I was reading off and on a number of Indian poets writing in English and a few of them had become my close friends over the years. Besides Dom Moraes, I got to know rather well Kamala Das, the poetess who writes poetry in English and stories in Malayalam and R.Parthasarathy during his stint with the OUP in Chennai during the Seventies. In fact, even now I read R.P. and get moved by some memorable lines.
A.K.Ramanujan, though I don’t know him personally, I had listened to him, read him much and had talked with his many friends. He is perhaps, the highly gifted poet and translator and Tamils feel elated when they read his translations of the Tamil classical poems. He had lifted Tamil classical poetry’s universal reach for the first time. Even in India there is a realization that in the all India literary context, classical Tamil can lay claim to an original poetical tradition, not matched by the great body of Sanskrit literature. So, Ramanujan would remain a milestone in the contemporary world literary scene.

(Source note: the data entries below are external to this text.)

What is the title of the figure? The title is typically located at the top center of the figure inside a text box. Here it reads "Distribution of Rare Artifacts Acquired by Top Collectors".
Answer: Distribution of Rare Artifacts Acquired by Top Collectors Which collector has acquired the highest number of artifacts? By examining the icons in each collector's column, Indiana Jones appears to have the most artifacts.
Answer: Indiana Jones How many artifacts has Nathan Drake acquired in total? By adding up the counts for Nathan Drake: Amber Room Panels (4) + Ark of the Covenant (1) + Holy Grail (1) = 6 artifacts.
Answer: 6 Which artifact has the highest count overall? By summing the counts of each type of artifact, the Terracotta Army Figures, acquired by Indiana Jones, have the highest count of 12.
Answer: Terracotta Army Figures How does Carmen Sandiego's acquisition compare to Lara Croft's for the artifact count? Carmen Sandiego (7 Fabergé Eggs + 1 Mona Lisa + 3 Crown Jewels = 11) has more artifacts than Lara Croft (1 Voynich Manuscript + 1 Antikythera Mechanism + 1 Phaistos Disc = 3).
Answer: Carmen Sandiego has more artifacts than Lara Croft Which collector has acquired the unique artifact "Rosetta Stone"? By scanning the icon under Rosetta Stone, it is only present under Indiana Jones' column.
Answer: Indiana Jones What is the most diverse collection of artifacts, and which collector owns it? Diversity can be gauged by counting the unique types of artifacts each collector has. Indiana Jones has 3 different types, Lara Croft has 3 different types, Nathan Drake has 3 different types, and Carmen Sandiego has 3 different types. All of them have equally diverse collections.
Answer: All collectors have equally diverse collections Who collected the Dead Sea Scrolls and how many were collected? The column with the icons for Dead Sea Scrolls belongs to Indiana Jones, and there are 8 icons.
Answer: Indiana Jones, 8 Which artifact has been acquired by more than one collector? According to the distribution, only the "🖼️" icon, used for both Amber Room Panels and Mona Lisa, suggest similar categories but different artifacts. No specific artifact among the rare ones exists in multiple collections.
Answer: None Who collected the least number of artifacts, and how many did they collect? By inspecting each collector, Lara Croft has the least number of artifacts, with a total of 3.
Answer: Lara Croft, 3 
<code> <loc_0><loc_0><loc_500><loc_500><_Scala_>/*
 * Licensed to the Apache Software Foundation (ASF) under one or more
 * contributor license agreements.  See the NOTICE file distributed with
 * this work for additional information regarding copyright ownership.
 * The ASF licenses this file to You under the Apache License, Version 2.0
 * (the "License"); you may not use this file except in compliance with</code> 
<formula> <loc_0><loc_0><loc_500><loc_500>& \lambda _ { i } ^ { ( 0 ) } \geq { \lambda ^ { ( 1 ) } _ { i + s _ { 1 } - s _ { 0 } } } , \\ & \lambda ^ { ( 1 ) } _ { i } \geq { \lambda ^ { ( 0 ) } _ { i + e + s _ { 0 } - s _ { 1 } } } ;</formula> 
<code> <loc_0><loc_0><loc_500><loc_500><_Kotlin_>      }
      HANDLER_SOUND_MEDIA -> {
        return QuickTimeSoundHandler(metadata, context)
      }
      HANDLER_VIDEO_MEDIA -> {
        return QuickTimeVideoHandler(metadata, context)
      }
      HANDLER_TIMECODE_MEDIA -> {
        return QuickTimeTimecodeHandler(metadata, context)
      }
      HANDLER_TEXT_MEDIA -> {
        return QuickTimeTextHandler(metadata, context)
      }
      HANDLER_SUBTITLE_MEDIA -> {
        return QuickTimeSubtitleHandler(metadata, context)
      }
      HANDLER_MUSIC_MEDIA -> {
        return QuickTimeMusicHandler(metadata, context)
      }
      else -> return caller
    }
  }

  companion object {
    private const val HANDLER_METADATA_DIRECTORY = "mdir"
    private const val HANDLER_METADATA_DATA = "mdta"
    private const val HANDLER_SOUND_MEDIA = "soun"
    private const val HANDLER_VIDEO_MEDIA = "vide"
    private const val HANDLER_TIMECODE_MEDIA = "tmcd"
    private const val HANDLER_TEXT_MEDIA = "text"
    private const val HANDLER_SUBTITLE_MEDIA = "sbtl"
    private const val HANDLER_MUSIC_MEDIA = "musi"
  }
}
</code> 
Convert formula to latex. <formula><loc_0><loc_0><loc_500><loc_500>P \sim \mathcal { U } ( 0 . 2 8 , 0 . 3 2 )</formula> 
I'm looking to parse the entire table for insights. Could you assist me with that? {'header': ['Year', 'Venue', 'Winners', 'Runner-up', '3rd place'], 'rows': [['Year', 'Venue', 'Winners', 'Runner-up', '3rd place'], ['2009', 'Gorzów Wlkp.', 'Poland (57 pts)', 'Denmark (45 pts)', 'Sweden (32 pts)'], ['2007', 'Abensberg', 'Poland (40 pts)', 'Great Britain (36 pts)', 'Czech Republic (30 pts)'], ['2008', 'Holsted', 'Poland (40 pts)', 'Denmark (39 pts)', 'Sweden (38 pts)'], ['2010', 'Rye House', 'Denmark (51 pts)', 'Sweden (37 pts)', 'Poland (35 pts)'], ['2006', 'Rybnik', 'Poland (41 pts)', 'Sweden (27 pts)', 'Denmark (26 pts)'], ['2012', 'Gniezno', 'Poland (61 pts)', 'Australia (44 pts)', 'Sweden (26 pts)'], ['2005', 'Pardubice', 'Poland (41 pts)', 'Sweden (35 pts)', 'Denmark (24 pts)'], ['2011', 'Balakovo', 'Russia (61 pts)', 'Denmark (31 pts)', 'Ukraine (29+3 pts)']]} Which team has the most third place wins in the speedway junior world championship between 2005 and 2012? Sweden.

I was reading through the latest edition of “Modern Indian Poetry in English” 20001 by Bruce King. The anthology opened my eyes about the pan Indian perspective of the old and the new generation of Indian poets writing in English. The Indian English language literature is now an international force. Salman Rushdie, Vikram Seth and Arundati Roy winning the Booker Prize and V.S.Naipaul winning the literature Nobel had brought Indian literature much recognition in what was once considered an alien medium. As the poetry survey writer puts, `it is now irrelevant to ask English is Indian language, as to ask whether the monsoon is English’!
Today, the world outlook had changed since Eliot wrote his Wasteland that revolutionized the first half of the 20th century English poetry. The late 20th century poetry belongs to the Russian and other European language poets who have shaped today’s man’s poetical sensitivities.
World poetry’s variety and universal appeal
I was going through the Penguin book of the “Twentieth Century in Poetry.” What range of topics poets cover! Two world wars, The jazz age, The Thirties, Fascism V.Communism, The Holocaust, 1933-1945, the Fifties, Communism, 1945-1989, End of Empire: Rural life, The Cold War: 1945-1989, The Sixties, Civil rights, 1930s-1968, Vietnam, The Middle East, Politics, The Seventies, Ireland, The Environment, Travel, Work, Home, Love & Sex, Children and Family, The Individual, Oppression & Exile, Crime, Vice and Low life, The Eighties, The Media, The Arts, Sport and Leisure, Science and Technology, The collapse of communism and its consequences, The Existence, Sci-Fi & Space, Unfinished business: 2000.
What a span!
The unfinished business 2000 has some of the most original poetical lines. Here are a few: The year 2000. Peace. All realists turn into utopians, all utopians into realists. All Americans turn socialists. Peace. All Calvinists anarchists, all machinegun players’ harpsichordists. Peace (A Dutch poet).
There is a poem on the computer bug. “When the angel of mayhem appear in their IT systems, demons as digits, collapse of world markets and zero will be lifted high as the laughter of Galileo…”
Another Poem: Prophecy:
Your children will wander looting the shopping mall for forty years, suffering for your idleness…”
Poets’ lives are never easy! More so in modern history. Shelley is the most celebrated poet who sang of Liberty and much of the Englishtenment ideals. Yet, his life was stormy and tragic at the same time! He underwent all sorts of resistance. Poet is a lonely person and the same time a rebellious spirit.
This is perhaps the price to be paid by poets for being poets! For standing up to things, values and visions that demand a high price! For those who give form and shape and much poetical force to such visions!